Cartagena vuelve a demostrar que su patrimonio no solo se contempla, se vive. Y lo hace de la mano de una propuesta que ha logrado algo cada vez más difícil: llenar funciones durante meses antes incluso de que muchos hayan tenido tiempo de descubrirla. Cartagena Puerto de Culturas ha anunciado la ampliación de pases de la nueva aventura de Teo Jones tras agotar todas las entradas previstas para los tres primeros meses, confirmando así que el público tenía ganas de algo diferente, algo que mezclara historia, espectáculo y una pizca de locura.
La experiencia, dirigida por Faustino Sáez junto a su compañía, no es un simple musical ni una visita guiada al uso. Es una historia que se despliega entre algunos de los espacios más emblemáticos de la ciudad, como el Teatro Romano de Cartagena y la Muralla Púnica de Cartagena, transformándolos en escenarios vivos donde el pasado cobra forma y dialoga con el presente.
Todo comienza con un misterio. Teo, acompañado por Sara, se topa con una reliquia olvidada: una estatua de sirena que no es solo una pieza del pasado, sino una amenaza latente. A partir de ahí, la aventura se convierte en un viaje trepidante donde los personajes —una peculiar momia, un irreverente Freddy y el imprevisible Max— se suman a una historia que combina humor, tensión y guiños constantes al imaginario colectivo.
Uno de los grandes aciertos de la propuesta es su capacidad para romper la barrera entre espectador y actor. Aquí no hay butacas estáticas ni silencios impuestos: el público forma parte del recorrido, sube al bus turístico, comparte risas y se deja arrastrar por una narrativa que avanza entre calles, piedras milenarias y secretos por desvelar. Es precisamente en ese trayecto donde la experiencia se vuelve inolvidable para grandes y pequeños.
La llegada a la Muralla Púnica marca el punto álgido.
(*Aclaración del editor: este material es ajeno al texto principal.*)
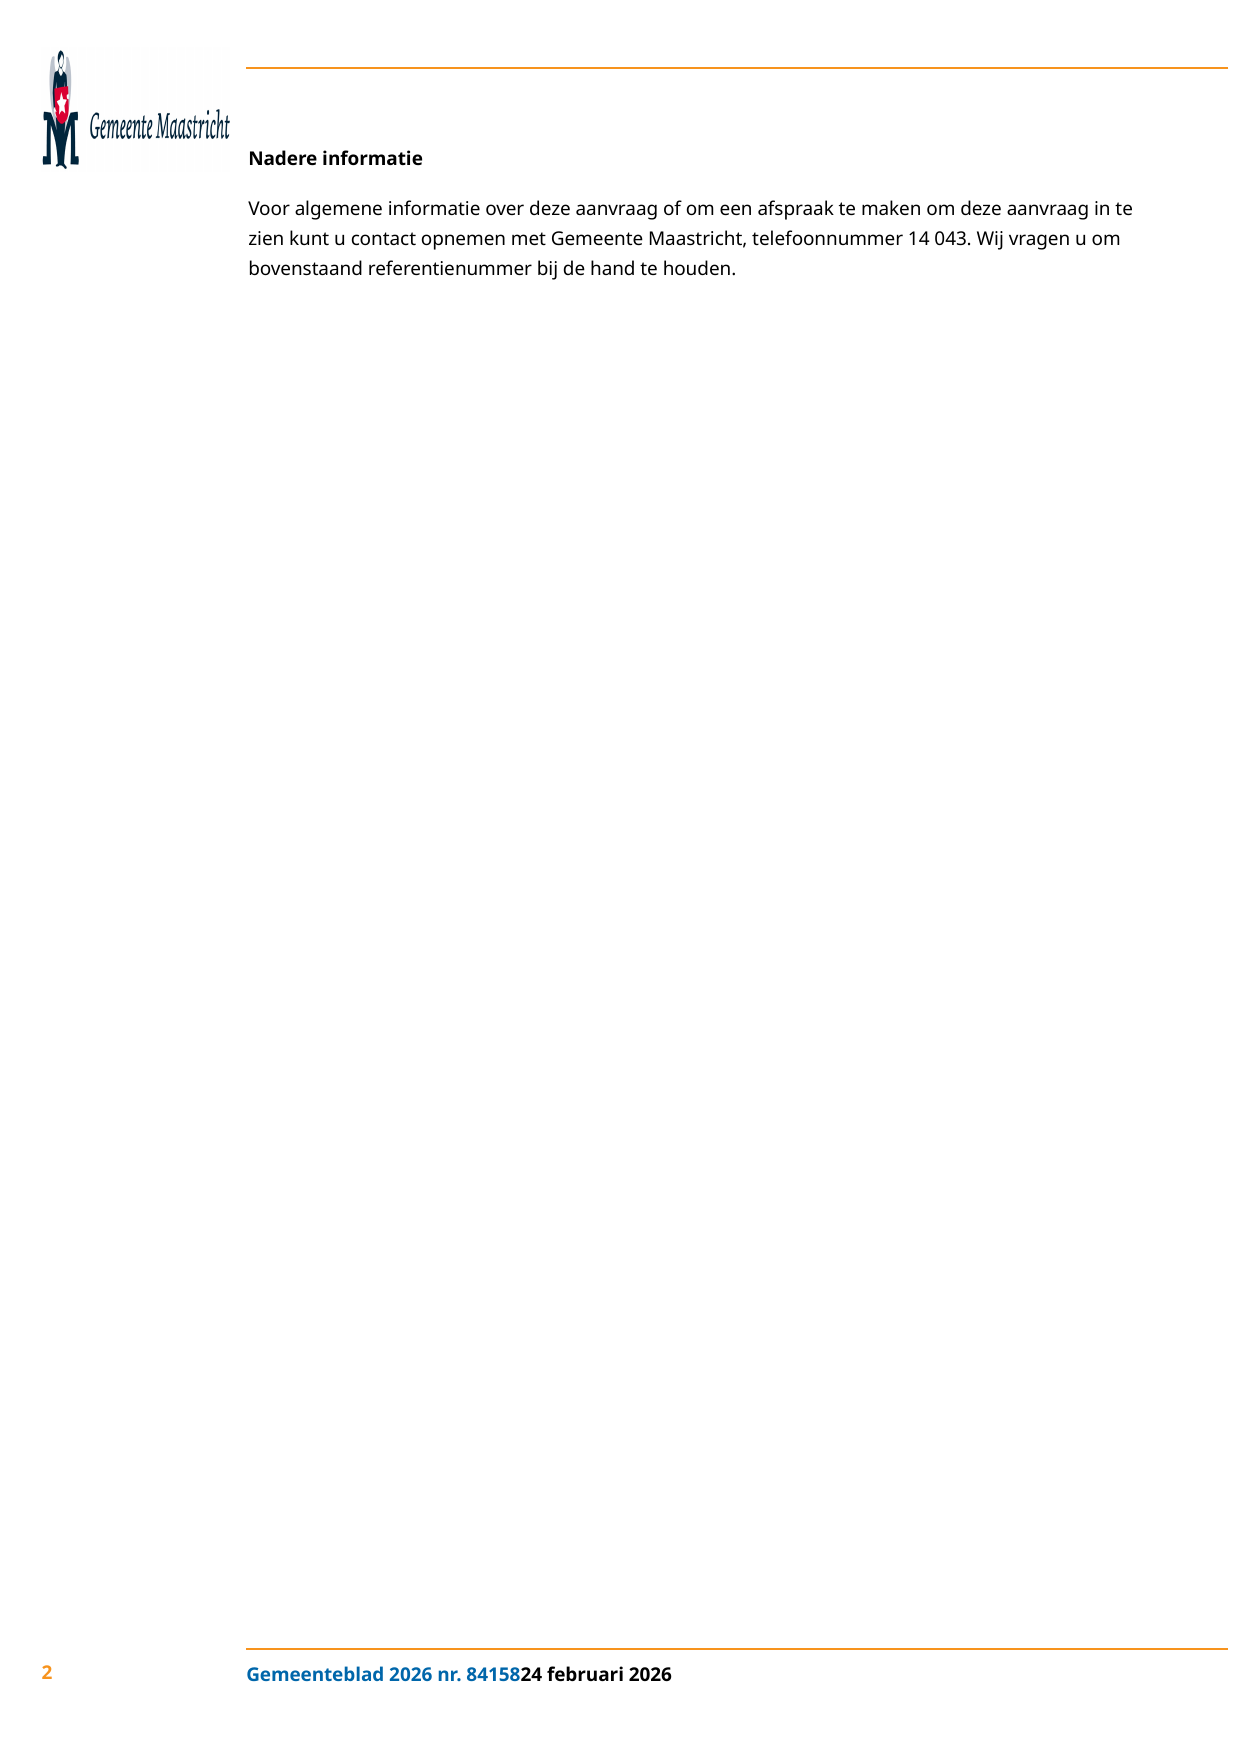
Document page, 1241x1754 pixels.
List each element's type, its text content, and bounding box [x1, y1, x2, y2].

text Voor algemene informatie over deze aanvraag of om een afspraak te maken om deze aanvraag in te zien kunt u contact opnemen met Gemeente Maastricht, telefoonnummer 14 043. Wij vragen u om bovenstaand referentienummer bij de hand te houden. [248, 196, 1152, 281]
text Nadere informatie [248, 145, 1152, 171]
picture [41, 47, 231, 172]
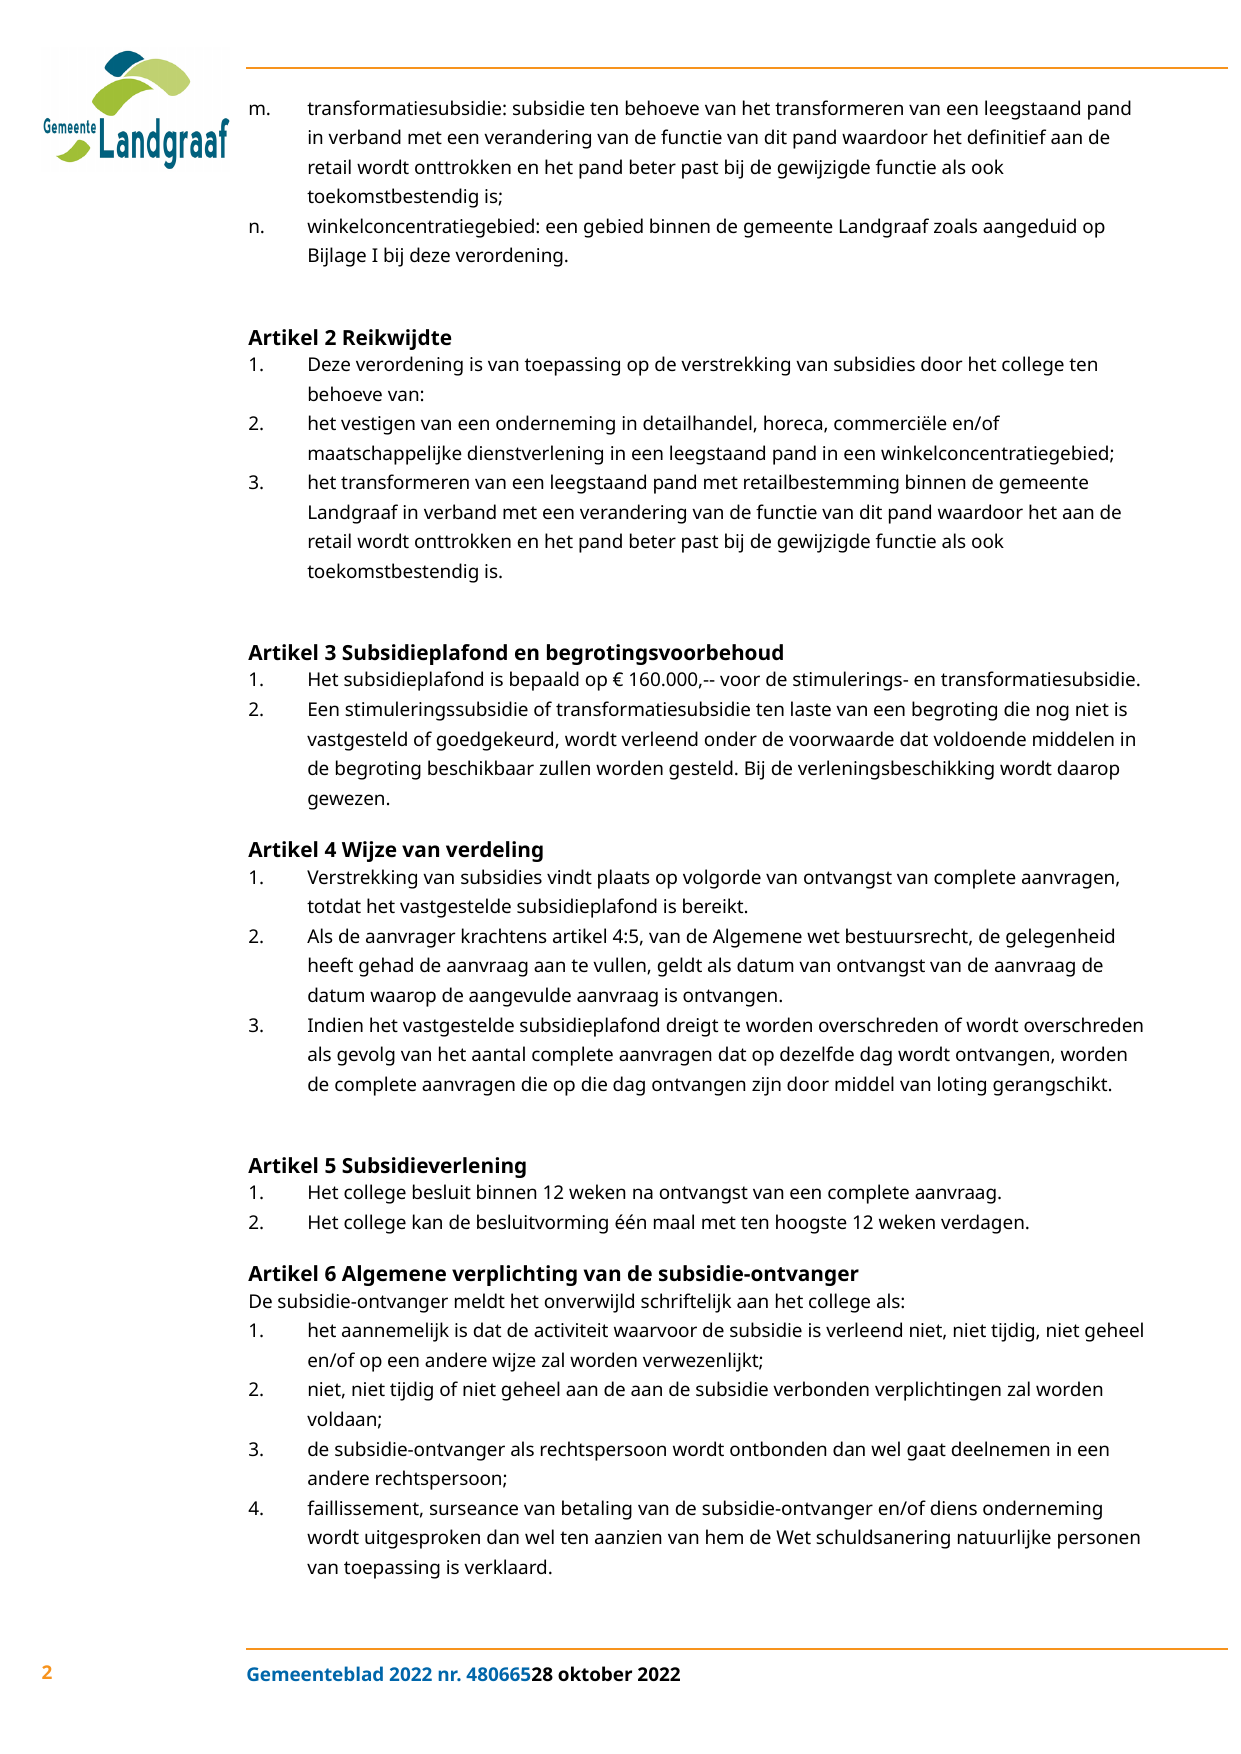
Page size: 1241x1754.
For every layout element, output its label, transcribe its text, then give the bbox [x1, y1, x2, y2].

En la cripta, envuelta en misterio, la música y la emoción se entrelazan para dar paso a un desenlace donde las fuerzas ocultas y los secretos ancestrales amenazan con cambiar el destino de la ciudad. Es ahí donde la historia se intensifica y donde el espectador entiende que no está solo ante un espectáculo, sino ante una forma distinta de contar Cartagena.
El éxito no es casual. La combinación de patrimonio, narrativa inmersiva y un tono accesible para el público familiar ha convertido esta aventura en una de las propuestas más demandadas de la temporada. La ampliación de funciones responde precisamente a esa acogida, abriendo nuevas oportunidades para quienes no lograron entrada en un primer momento.
Las nuevas fechas se desarrollarán todos los domingos de abril, mayo y junio —con la excepción del 28 de junio— e incluirán un pase especial el 9 de junio. La salida será a las 11:30 horas desde el Museo del Teatro Romano, con una duración aproximada de dos horas y media en un recorrido que conecta historia y fantasía de una forma poco habitual.
Cartagena, una vez más, se reinventa sin renunciar a su esencia. Y en ese equilibrio entre pasado y presente, entre rigor y entretenimiento, propuestas como esta demuestran que la cultura también puede ser una aventura compartida.